Etiketler

Denemeler (12) Diğer (28) Makaleler (18) Şiirler (45)

27 Haziran 2012 Çarşamba

İstanbul'un Atlı Tramvayları


İstanbul’un Atlı Tramvayları

 Dr. Cihan ERDÖNMEZ

Atları sever misiniz? Sanırım sevmeyen yoktur. İnsanlığa en az beş bin yıldır hizmet eden bu muhteşem hayvanlar hakkında bilmediğimiz o kadar çok şey var ki. 

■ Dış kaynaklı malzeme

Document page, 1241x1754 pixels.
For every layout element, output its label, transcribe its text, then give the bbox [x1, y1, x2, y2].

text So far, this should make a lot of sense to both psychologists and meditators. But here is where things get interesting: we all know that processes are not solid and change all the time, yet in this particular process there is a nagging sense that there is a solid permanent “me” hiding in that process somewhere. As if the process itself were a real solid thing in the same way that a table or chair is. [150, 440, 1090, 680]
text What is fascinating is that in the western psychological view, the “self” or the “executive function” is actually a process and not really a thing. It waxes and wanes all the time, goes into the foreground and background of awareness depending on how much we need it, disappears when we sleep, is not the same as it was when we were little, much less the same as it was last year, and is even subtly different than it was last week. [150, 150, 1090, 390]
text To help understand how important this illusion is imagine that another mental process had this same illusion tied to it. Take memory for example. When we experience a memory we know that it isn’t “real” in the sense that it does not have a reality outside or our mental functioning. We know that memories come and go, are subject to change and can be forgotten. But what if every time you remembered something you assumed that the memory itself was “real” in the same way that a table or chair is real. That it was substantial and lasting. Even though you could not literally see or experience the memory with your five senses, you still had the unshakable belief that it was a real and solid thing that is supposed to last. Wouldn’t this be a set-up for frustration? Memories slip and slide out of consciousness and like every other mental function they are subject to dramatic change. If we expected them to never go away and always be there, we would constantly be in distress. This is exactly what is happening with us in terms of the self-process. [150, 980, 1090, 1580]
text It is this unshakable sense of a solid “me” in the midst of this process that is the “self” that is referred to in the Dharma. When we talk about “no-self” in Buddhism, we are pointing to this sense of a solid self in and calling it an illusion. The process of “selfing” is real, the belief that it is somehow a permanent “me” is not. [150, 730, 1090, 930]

Çocukluğumda, büyüdüğüm sokaklarda ayı oynatılırdı. Sonra doğru bir kararla yasaklandı. Şimdi ise anneler ve babalar çocuklarını hafta sonları götürdükleri piknik yerlerinde kaburgaları sayılan atlara bindirerek eğlendiriyorlar. Bir de at yarışı izlemek için hipodromlara doluşan kalabalıklar var. Horoz dövüştürmek yasak da at yarıştırmak neden serbest anlayabilmiş değilim. Üstelik yüce Atatürk adına düzenlenen Gazi Koşusu bile var. 

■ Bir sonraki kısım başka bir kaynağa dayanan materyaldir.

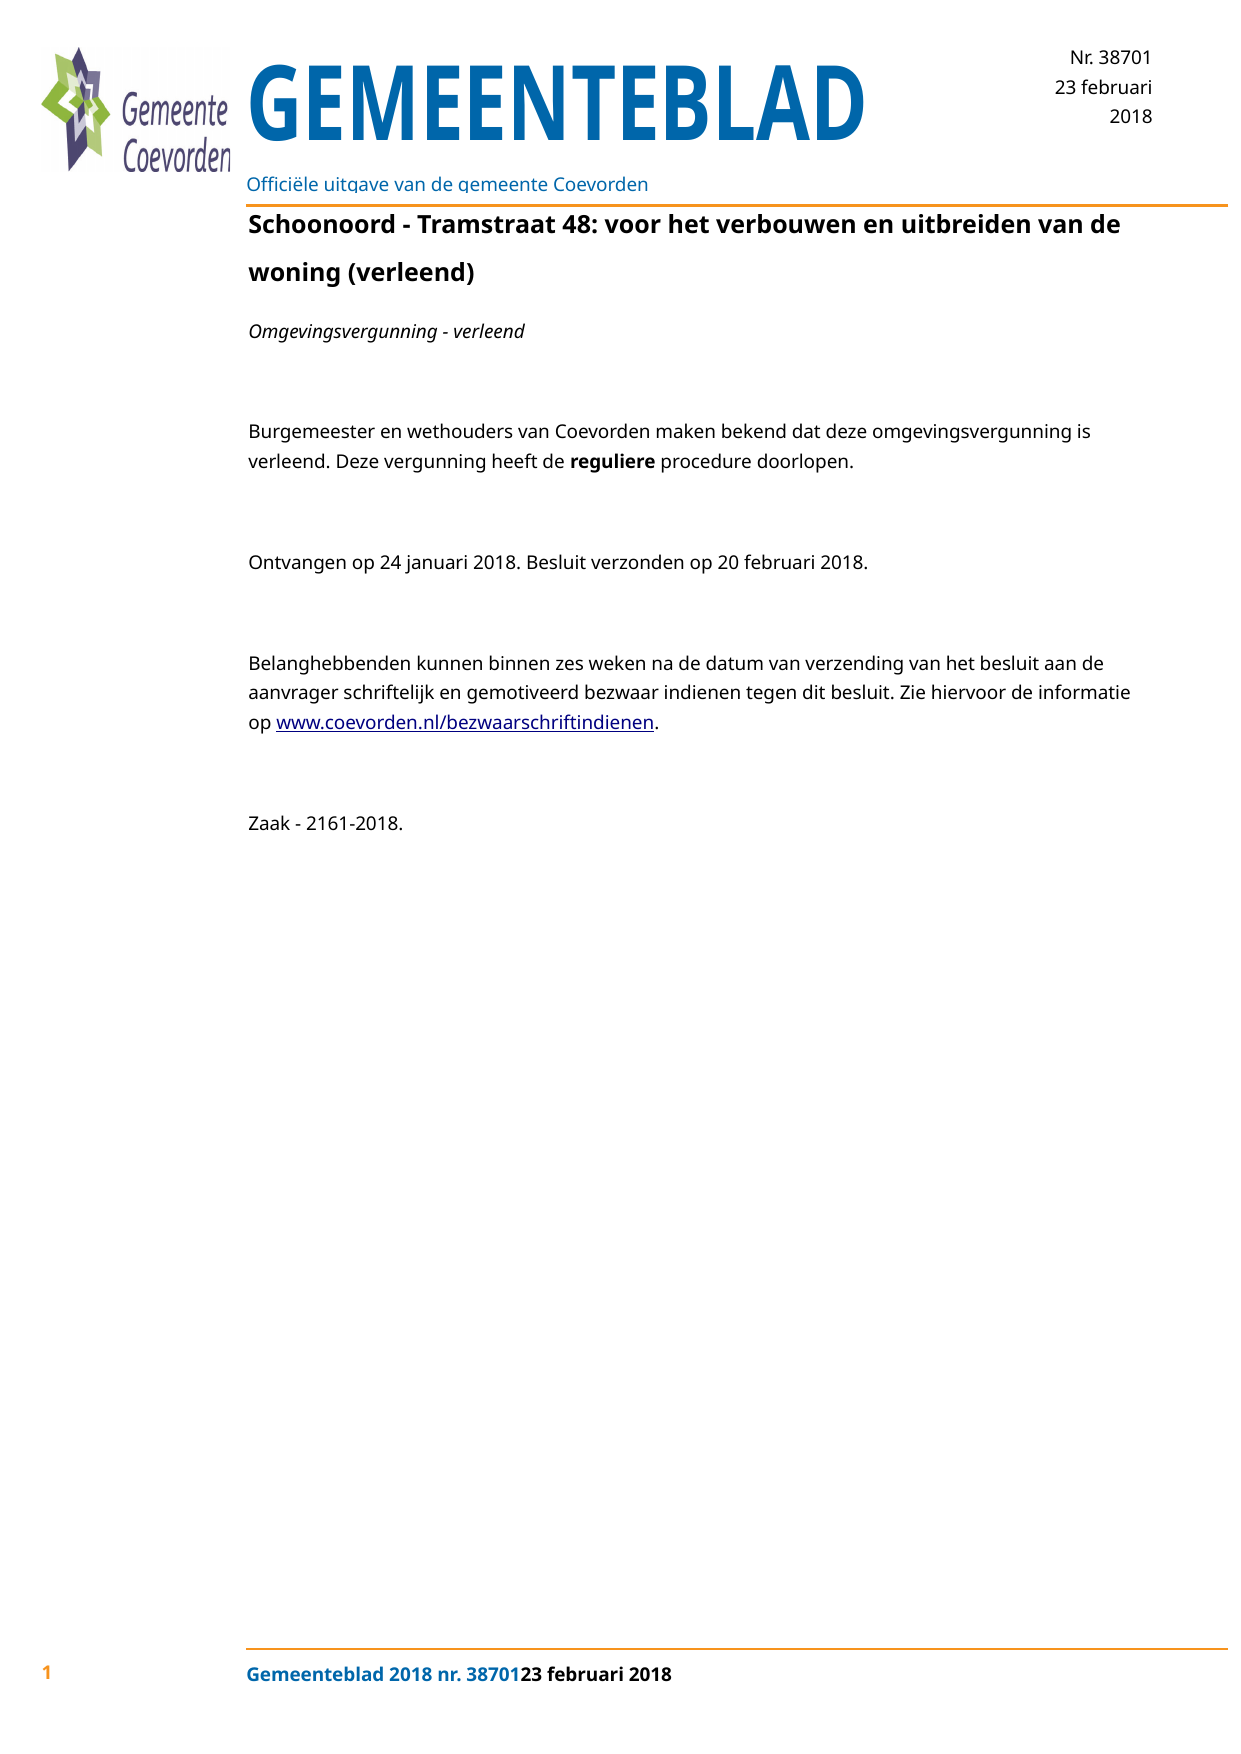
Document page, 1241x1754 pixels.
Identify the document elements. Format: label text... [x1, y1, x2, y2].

text Ontvangen op 24 januari 2018. Besluit verzonden op 20 februari 2018. [248, 549, 1152, 575]
text Belanghebbenden kunnen binnen zes weken na de datum van verzending van het besluit aan de aanvrager schriftelijk en gemotiveerd bezwaar indienen tegen dit besluit. Zie hiervoor de informatie op www.coevorden.nl/bezwaarschriftindienen. [248, 650, 1152, 735]
picture [41, 47, 231, 172]
text Zaak - 2161-2018. [248, 810, 1152, 836]
text Omgevingsvergunning - verleend [248, 318, 1152, 344]
text Burgemeester en wethouders van Coevorden maken bekend dat deze omgevingsvergunning is verleend. Deze vergunning heeft de reguliere procedure doorlopen. [248, 419, 1152, 474]
text Schoonoord - Tramstraat 48: voor het verbouwen en uitbreiden van de woning (verleend) [248, 207, 1152, 288]

Yine çocukluğumda izlediğim kovboy filmlerinde kovboylardan çok atları izlediğimi hatırlıyorum. Elbette Red Kit’in Düldül’ünü de unutmam olanaklı değil. Atların tarımda ve insan taşıma amacıyla kullanılması bir kenarda tutulursa, en yaygın yararlanma noktalarından birisinin de askeri alanlar olduğu rahatlıkla görülebilir.  Tankçı bir asteğmen olarak askerliğimi yaparken tankçı sınıfına İngilizcede “cavalary” denildiğini ve bunun da aynı zamanda süvari, yani atlı asker anlamına geldiğini öğrendiğimde çok şaşırmıştım. Bu, günümüzün hırçın savaş araçları olan tankların bir anlamda eskiden atların gördüğü görevi yerine getirdiği anlamına geliyordu. 

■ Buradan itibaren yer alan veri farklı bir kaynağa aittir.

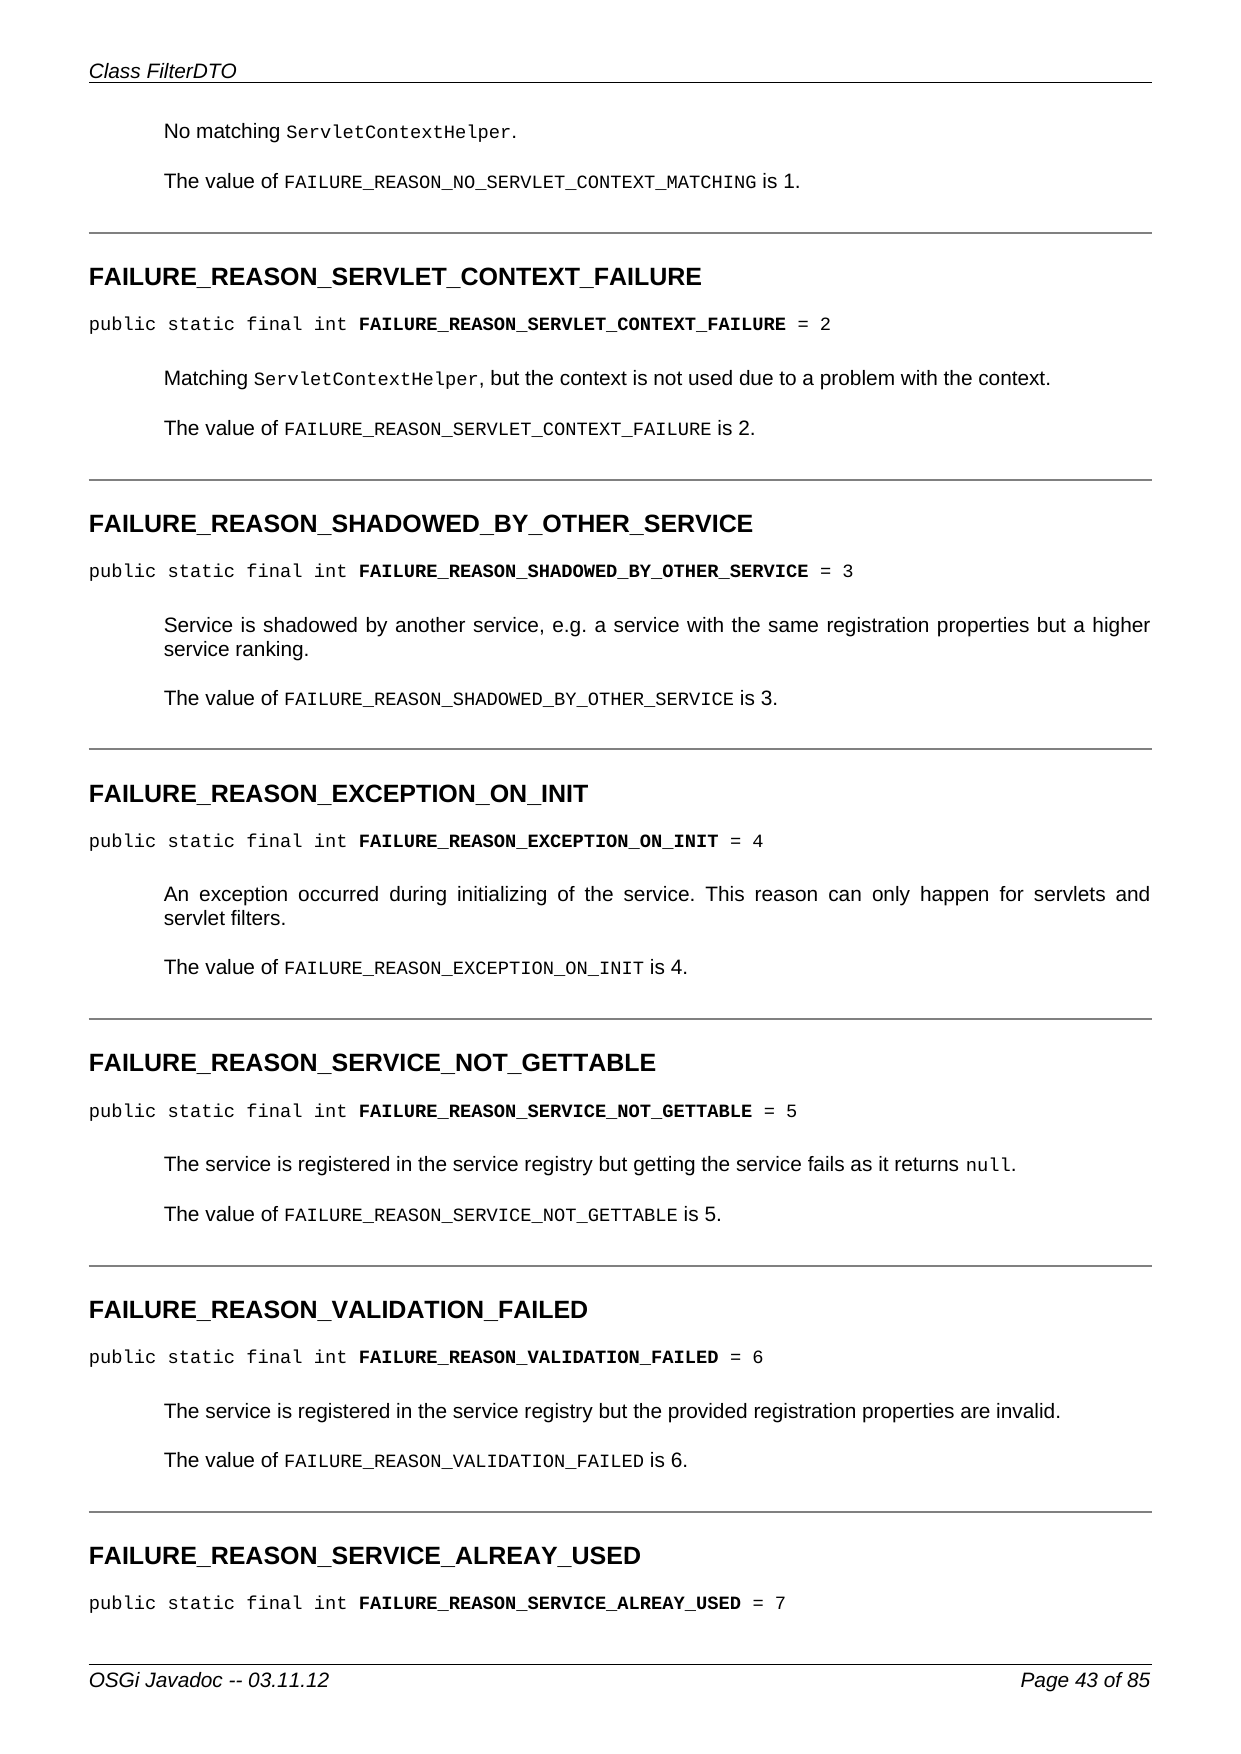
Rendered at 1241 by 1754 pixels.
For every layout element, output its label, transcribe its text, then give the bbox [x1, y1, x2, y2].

subtitle FAILURE_REASON_SERVICE_NOT_GETTABLE [88, 1048, 1152, 1077]
subtitle FAILURE_REASON_SHADOWED_BY_OTHER_SERVICE [88, 509, 1152, 538]
subtitle FAILURE_REASON_VALIDATION_FAILED [88, 1295, 1152, 1324]
text The value of FAILURE_REASON_NO_SERVLET_CONTEXT_MATCHING is 1. [163, 169, 1152, 194]
text The value of FAILURE_REASON_SERVLET_CONTEXT_FAILURE is 2. [163, 416, 1152, 441]
text The service is registered in the service registry but getting the service fails as it returns null. [163, 1152, 1152, 1177]
text public static final int FAILURE_REASON_SERVICE_NOT_GETTABLE = 5 [88, 1101, 1152, 1123]
text The value of FAILURE_REASON_VALIDATION_FAILED is 6. [163, 1448, 1152, 1473]
text public static final int FAILURE_REASON_SHADOWED_BY_OTHER_SERVICE = 3 [88, 562, 1152, 583]
subtitle FAILURE_REASON_EXCEPTION_ON_INIT [88, 779, 1152, 807]
text No matching ServletContextHelper. [163, 118, 1152, 144]
text An exception occurred during initializing of the service. This reason can only happen for servlets and servlet filters. [163, 882, 1152, 930]
subtitle FAILURE_REASON_SERVICE_ALREAY_USED [88, 1541, 1152, 1570]
text Matching ServletContextHelper, but the context is not used due to a problem with the context. [163, 365, 1152, 391]
text Service is shadowed by another service, e.g. a service with the same registration properties but a higher service ranking. [163, 612, 1152, 660]
text public static final int FAILURE_REASON_SERVLET_CONTEXT_FAILURE = 2 [88, 315, 1152, 336]
text The service is registered in the service registry but the provided registration properties are invalid. [163, 1399, 1152, 1423]
text public static final int FAILURE_REASON_VALIDATION_FAILED = 6 [88, 1348, 1152, 1369]
text The value of FAILURE_REASON_SERVICE_NOT_GETTABLE is 5. [163, 1202, 1152, 1227]
text The value of FAILURE_REASON_EXCEPTION_ON_INIT is 4. [163, 955, 1152, 980]
subtitle FAILURE_REASON_SERVLET_CONTEXT_FAILURE [88, 262, 1152, 291]
text The value of FAILURE_REASON_SHADOWED_BY_OTHER_SERVICE is 3. [163, 685, 1152, 711]
text public static final int FAILURE_REASON_SERVICE_ALREAY_USED = 7 [88, 1594, 1152, 1615]
text public static final int FAILURE_REASON_EXCEPTION_ON_INIT = 4 [88, 832, 1152, 853]

Amerikan sinema endüstrisi bize posta arabaları yoluyla atların şehirlerarası insan taşımacılığında kullanıldığını öğretmişti. Fakat ne yazık ki, Avrupa ve Türk sinemasından böyle bir sahne hatırlamıyorum ki, şehir içi insan taşımacılığında atlı tramvayların kullanıldığı bir dönemin var olduğunu, elime yeni geçen bir kitap aracılığıyla öğrenme şansını yakaladım[1]. Prof. Dr. Vahdettin Engin tarafından kaleme alınan ve İstanbul Ticaret Odası tarafından yayımlanan bu mükemmel eserin adı “İstanbul’un Atlı ve Elektrikli Tramvayları”. 

Sayfaları arasında rahatlıkla kaybolabileceğiniz nitelikteki bu eserin her bir bölümünde hayranlık ve şaşkınlık uyandırıcı yeni bir şeyler öğrenmeniz olağan bir durum. Beni en çok şaşırtan konuyu ise, okuma fırsatı bulamayanlar olacağı için, sizlerle paylaşmak istiyorum. Konu, atların ilk defa şehir içi toplu taşımacılığında kullanılması. Gelin gerisini eserden olduğu gibi alalım: 

“Omnibüs atlar tarafından çekilen ve toplu taşımacılık amacıyla kullanılan büyük arabalara verilen isimdir. İlk omnibüs Fransa’nın Nantes şehrinde 1825 yılında Stanislas Baudry isimli müteşebbis tarafından kullanılmıştır. Şehrin biraz dışında hamamı olan Baudry, müşterilerin gelmediğini görünce şehir merkezinden hamama kadar bedava omnibüs servisi koymuştur. Bu sistem işe yaramakla beraber giderek farklı bir boyut kazanmıştır. Omnibüs şehir merkezinden dolu kalkmakta ama hamamda aynı sayıda müşteri olmamaktadır. Yani müşteriler omnibüsü seyahat amaçlı kullanmakta ama hamama gitmemektedirler. Bunu fark eden Baudry, bu defa hamamı kapatıp Nantes şehrinde omnibüs seferleri düzenlemeye başlamıştır.” 

İlginç geldiyse ve daha fazlasını merak ediyorsanız bu eseri mutlaka edinmeli ve okumalısınız. Yalnızca Prof. Engin’in önsözüne olduğu gibi almayı tercih ettiği Attila İlhan’ın tramvaylar üzerine yazısını okumak için bile. Hele üçüncü köprü meraklılarının böylesine çoğaldığı bir dönemde…



[1] Bu arada, Türk edebiyatının köşe taşlarından biri olan Recaizade Mahmut Ekrem’in “Araba Sevdası” adlı romanının temasının gerçekten de araba sevdası olduğunu; ancak bunun bir at arabası olduğunu hatırlamak da yarar var.